Question

# If $x$ varies as the ${m^{th}}$ power of $y$, $y$ varies as the ${n^{th}}$ power of $z$ and $x$ varies as the ${p^{th}}$ power of $z$, then which one of the following is correct?A. $p = m + n$B. $p = m - n$C. $p = mn$D. None of the above

Hint: In this question, we will proceed by writing the given data and converting them to the desired way. Then substitute the terms in each other to form a relation between $p,m,n$ to get the required answer.
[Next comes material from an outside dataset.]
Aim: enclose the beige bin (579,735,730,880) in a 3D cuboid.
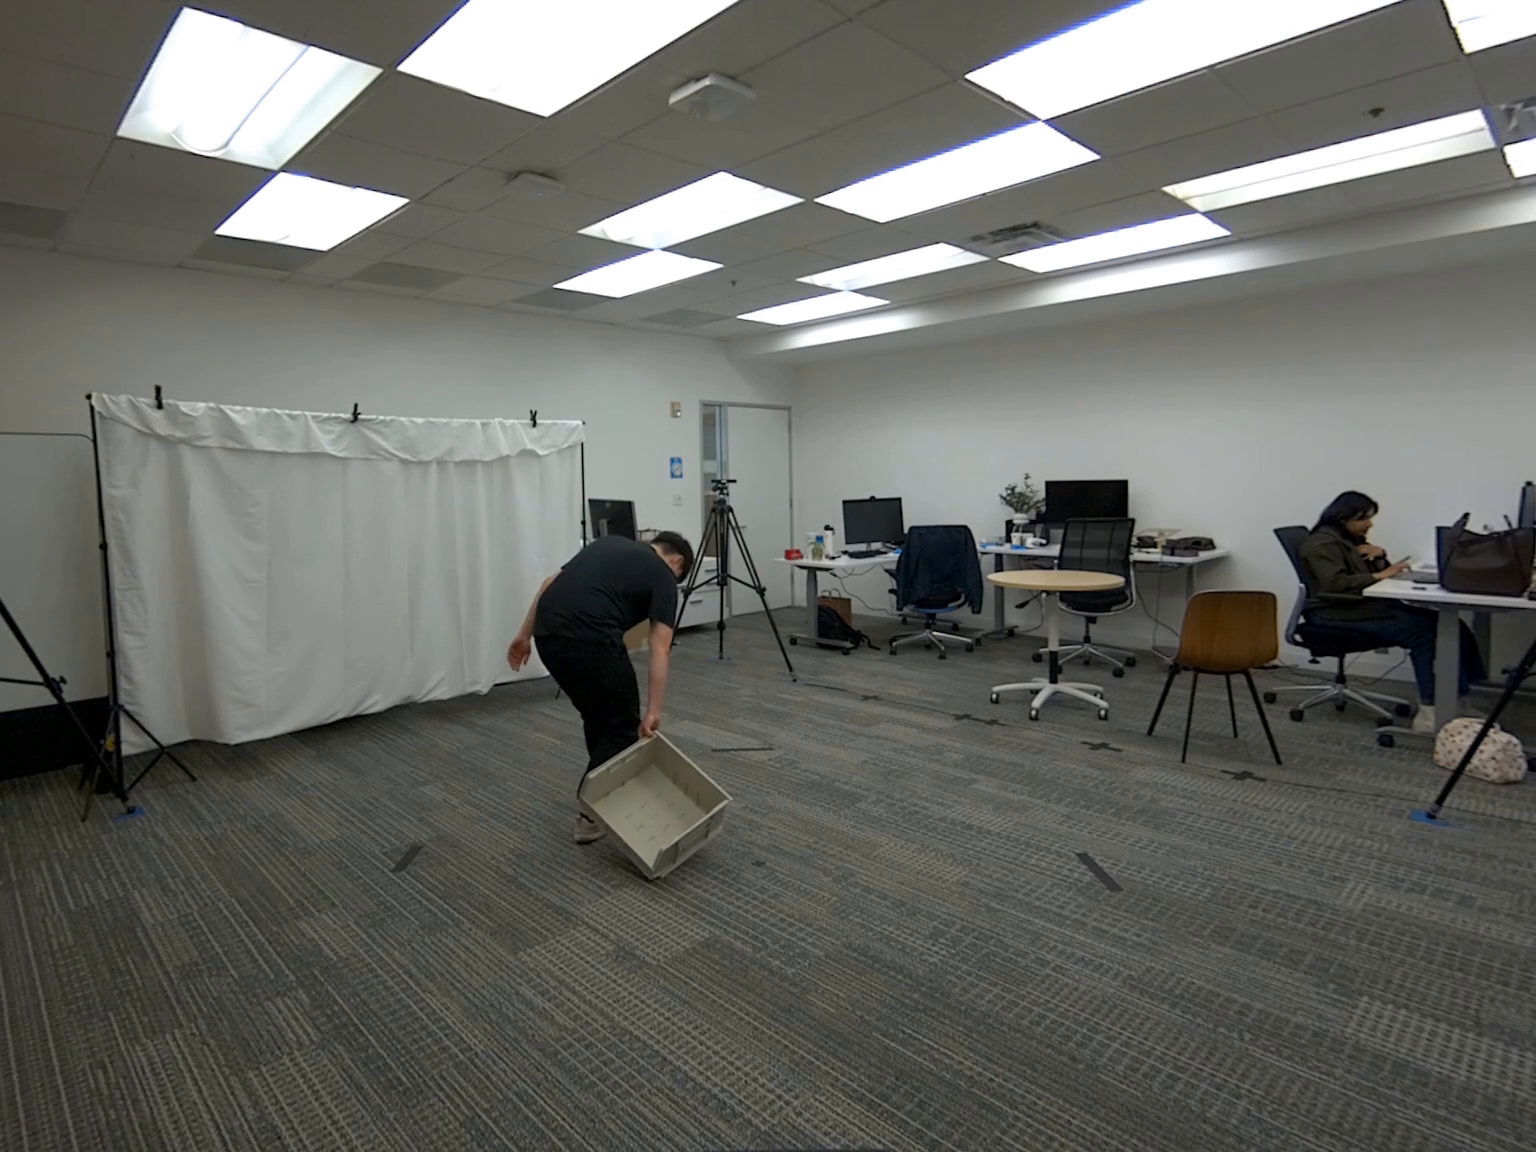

So, use this concept to reach the solution of the given problem.

Given that $x$ varies as the ${m^{th}}$ power of $y$ i.e., $y = {x^{\dfrac{1}{m}}} \Rightarrow x = {y^m}$
And $y$ varies as the ${n^{th}}$ power of $z$ i.e., $z = {y^{\dfrac{1}{n}}} \Rightarrow y = {z^n}$
$\Rightarrow y = {z^n} \\ \Rightarrow x = {\left( {{y^m}} \right)^n}{\text{ }}\left[ {\because x = {y^m}} \right] \\ \Rightarrow x = {z^{mn}}.................................\left( 1 \right) \\$
Also given that and $x$ varies as the ${p^{th}}$ power of $z$i.e., $z = {x^{\dfrac{1}{p}}} \Rightarrow x = {z^p}.........................\left( 2 \right)$
$\Rightarrow {x^{mn}} = {x^p}$
$\Rightarrow mn = p \\ \therefore p = mn \\$
Thus, the correct option is C. $p = mn$
Note: Here, if $a$ varies as the ${b^{th}}$ power of $c$, then it can be written as $a = {c^{\dfrac{1}{b}}} \Rightarrow c = {a^b}$. Whenever we have equal bases on both sides, we can equate the powers of the terms on both sides i.e., if ${x^m} = {x^n}$ then $m = n$.